Ressaltemos que apesar da ruptura estabelecida por Jean Laplanche em relação
às premissas fundamentais da teoria freudiana, a leitura que ele propõe não é estranha
aos postulados originais de Freud. Os remanejamentos e reestruturações que propõe em
sua teoria da sedução generalizada lançam luz sobre os problemas teóricos referentes à
conceituação da pulsão sexual.
Ao pressionar o corpo, a pulsão sexual desencadeia atividades representativas e,
mais significativamente, serve como motor para as mais diversas expressões humanas.
Parece-nos, contudo, que entre as expressões possíveis da pulsão sexual, incluem-se
aquelas menos apaziguadoras e mais violentas na vida psíquica, aquelas menos
integradoras e mais desestruturantes para o ego. Em outras palavras, parece-nos que a
sexualidade humana não está restrita aos campos da objetalização e Eros, tais como
descritos por André Green e Freud respectivamente.

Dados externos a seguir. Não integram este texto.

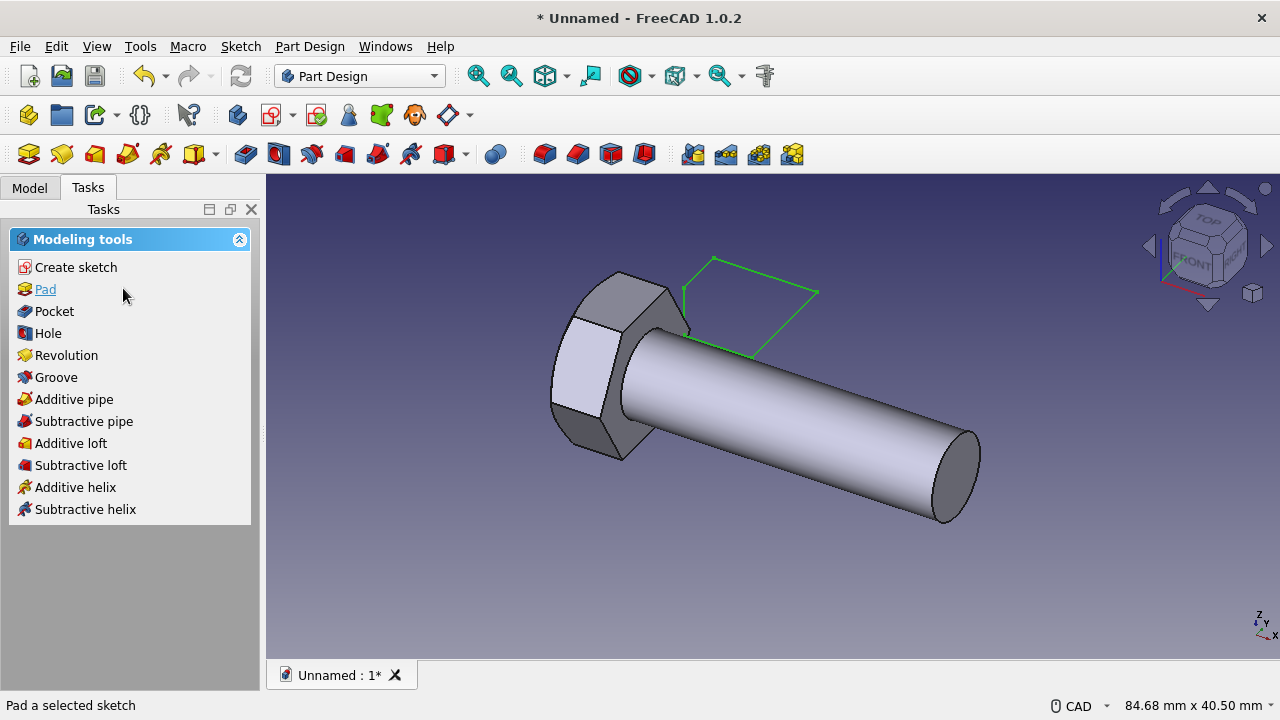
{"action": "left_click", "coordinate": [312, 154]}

A nossa conclusão, em concordância com Jean Laplanche, é que não podemos
enquadrar a sexualidade – aquela que atua de forma menos regulada, menos unificada,
112

definida por Freud como perversa polimorfa – dentro de uma fórmula que a restrinja aos
propósitos da ligação, da unificação e, até mesmo, da adaptação – como Freud parece
vir a sustentar a partir de sua conceituação de Eros.
Ao atribuir à libido uma função fundamentalmente adaptativa, vinculando-a a
um princípio homeostático que visa proteger não somente a vida psíquica, mas a vida
orgânica (FREUD, 1924/2007, op. cit.), não tenderia Freud a neutralizar a dimensão não
ligada da sexualidade, aquela desestabilizadora e agressora para o ego, para o psiquismo
e até mesmo para a adaptação do homem? Paradoxalmente, é Freud quem vem
inaugurar e fornecer as bases de uma concepção ampliada e revolucionária da
sexualidade humana na qual o “sexual” é entendido como força cuja repercussão
psíquica é tão vital quanto mortífera, tão estruturante quanto desestruturante, força
constitutiva e absolutamente subversiva, no homem, à ordem natural.